Nayla Dabaji, The world is turned upside down, 2015 : a remake of Pieter’s Bruegel “Netherlandish Proverbs”, 1559
Projected image with ambient sound

 

“To look through one’s fingers” (To turn a blind eye)
“It depends on the fall of the cards” (It’s up to chance)
“To bang one’s head against a brick wall” (To try to achieve the impossible)
“To gaze at the stork” (To waste one’s time)
“To throw one’s money into the water” (To waste one’s money)
“To be barely able to reach from one loaf to another” (To have difficulty living within budget)
“To hold an eel by the tail” (To undertake a difficult task)
“It is ill to swim against the stream” (It is difficult to oppose the general opinion)

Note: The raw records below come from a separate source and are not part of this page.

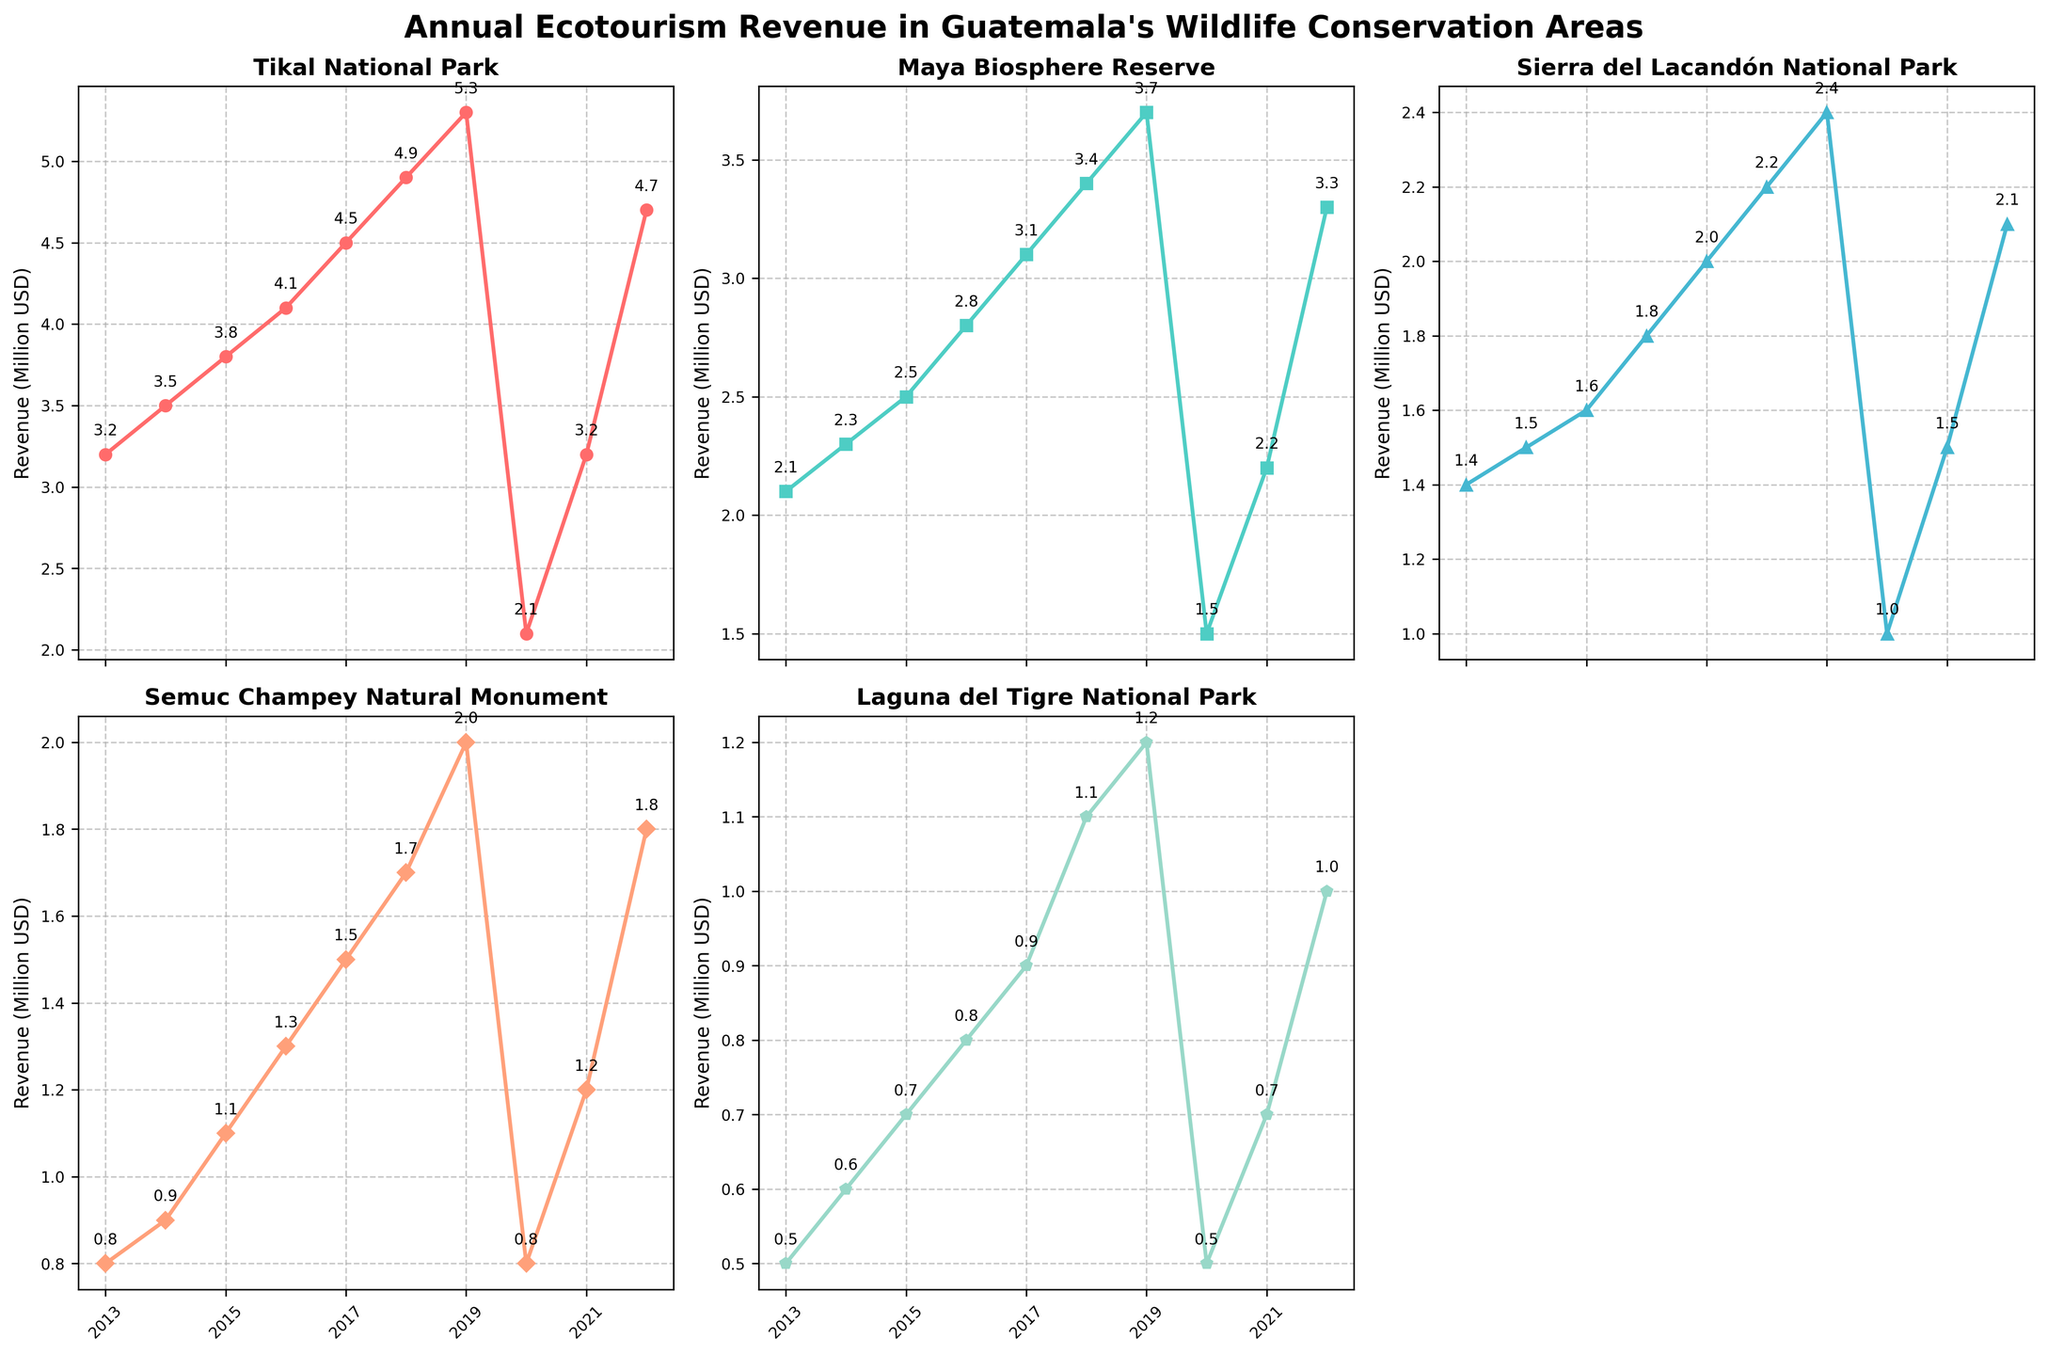What is the title of the figure? The title of the figure is located at the top center and summarizes the overall purpose of the figure.
Answer: Annual Ecotourism Revenue in Guatemala's Wildlife Conservation Areas How many wildlife conservation areas are included in the figure? There are six subplots, but one is empty. Each occupied subplot represents data for a different wildlife conservation area.
Answer: Five What year saw the lowest revenue for Tikal National Park? By tracing the line in Tikal National Park's subplot, the lowest point is in 2020.
Answer: 2020 Which conservation area had the highest revenue in 2022? Check the final data point of 2022 for each subplot and compare their values. The highest revenue is in Tikal National Park.
Answer: Tikal National Park In which year did Semuc Champey Natural Monument see a sharp rise in revenue? A sharp rise is indicated by a steep slope in Semuc Champey's subplot. This occurs between 2019 and 2022.
Answer: 2019-2020 Which conservation area experienced the smallest change in revenue over the decade? By visually comparing the slope of the lines in each subplot, the flattest line indicates the smallest change. Laguna del Tigre National Park shows the smallest change.
Answer: Laguna del Tigre National Park What is the combined revenue of all conservation areas in 2015? Find the revenue values for each area in 2015 and sum them up: Tikal (3.8), Maya Biosphere (2.5), Sierra del Lacandón (1.6), Semuc Champey (1.1), Laguna del Tigre (0.7). So, 3.8+2.5+1.6+1.1+0.7 = 9.7.
Answer: 9.7 million USD Which year shows a drop in revenue for all conservation areas? Identify the year with a downward slope in all subplots, 2020 shows a drop for every area.
Answer: 2020 What is the average revenue of Maya Biosphere Reserve over the decade? Sum the revenues for each year from 2013 to 2022 and divide by the number of years (10). So, (2.1+2.3+2.5+2.8+3.1+3.4+3.7+1.5+2.2+3.3) / 10 = 2.69 million USD.
Answer: 2.69 million USD Compare the revenue of Sierra del Lacandón National Park in 2013 and 2022 and state the difference. Find the values for Sierra del Lacandón in 2013 and 2022 and calculate the difference. In 2013, the revenue is 1.4; in 2022, it is 2.1. The difference is 2.1 - 1.4 = 0.7.
Answer: 0.7 million USD 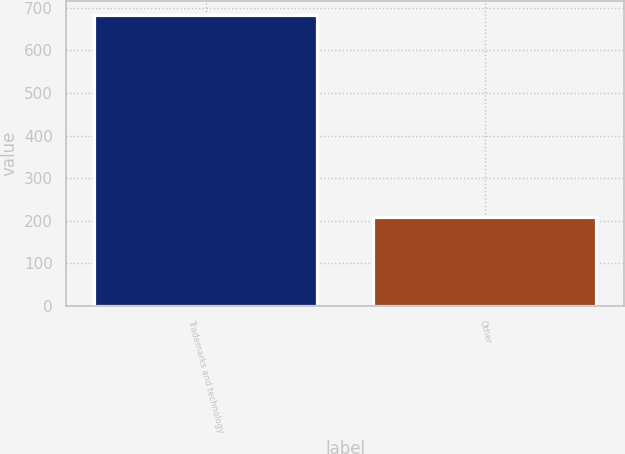<chart> <loc_0><loc_0><loc_500><loc_500><bar_chart><fcel>Trademarks and technology<fcel>Other<nl><fcel>682<fcel>209<nl></chart>

“Wild bears prefer each other’s company” (Peers get along better with each other than with outsiders)
“Who knows why geese go barefoot?” (There is a reason for everything, though it may not be obvious)
“To drag the block” (To be deceived by a lover or to work at a pointless task)

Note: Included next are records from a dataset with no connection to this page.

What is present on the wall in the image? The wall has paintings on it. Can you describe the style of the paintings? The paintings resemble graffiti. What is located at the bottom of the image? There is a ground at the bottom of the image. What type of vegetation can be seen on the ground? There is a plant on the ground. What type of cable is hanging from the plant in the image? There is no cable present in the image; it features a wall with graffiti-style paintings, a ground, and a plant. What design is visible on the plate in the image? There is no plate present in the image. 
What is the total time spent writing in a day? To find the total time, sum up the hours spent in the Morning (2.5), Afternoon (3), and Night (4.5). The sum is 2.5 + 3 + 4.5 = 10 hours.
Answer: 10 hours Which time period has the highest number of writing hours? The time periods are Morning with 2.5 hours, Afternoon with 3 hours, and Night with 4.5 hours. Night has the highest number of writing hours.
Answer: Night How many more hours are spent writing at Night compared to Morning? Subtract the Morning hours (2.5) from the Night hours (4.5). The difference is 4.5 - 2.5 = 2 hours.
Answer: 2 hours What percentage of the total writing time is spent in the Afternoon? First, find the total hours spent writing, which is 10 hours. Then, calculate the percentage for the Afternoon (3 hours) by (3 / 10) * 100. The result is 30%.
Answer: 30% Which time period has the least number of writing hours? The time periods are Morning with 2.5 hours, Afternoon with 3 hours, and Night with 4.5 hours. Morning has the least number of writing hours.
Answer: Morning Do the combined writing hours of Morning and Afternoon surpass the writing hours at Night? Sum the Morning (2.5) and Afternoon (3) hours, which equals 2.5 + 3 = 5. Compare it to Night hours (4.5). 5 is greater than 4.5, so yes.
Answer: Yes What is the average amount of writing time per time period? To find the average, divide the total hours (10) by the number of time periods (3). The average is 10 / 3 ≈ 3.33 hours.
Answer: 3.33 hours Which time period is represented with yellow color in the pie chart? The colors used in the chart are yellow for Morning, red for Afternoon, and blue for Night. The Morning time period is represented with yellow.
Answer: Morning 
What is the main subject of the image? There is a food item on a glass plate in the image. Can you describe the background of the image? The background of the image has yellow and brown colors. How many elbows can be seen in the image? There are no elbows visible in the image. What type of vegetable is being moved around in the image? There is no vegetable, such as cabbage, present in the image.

“To be armed to the teeth” (To be heavily armed)
“To fall through the basket” (To have your deception uncovered)
“To run like one’s backside is on fire” (To be in great distress)
“To have the world spinning on one’s thumb” (To have every advantage)
“To toss feathers in the wind” (To work fruitlessly)
“He who has spilt his porridge cannot scrape it all up again” (Once something is done it cannot be undone)
“Never believe someone who carries fire in one hand and water in the other” (To be two-faced and to stir up trouble)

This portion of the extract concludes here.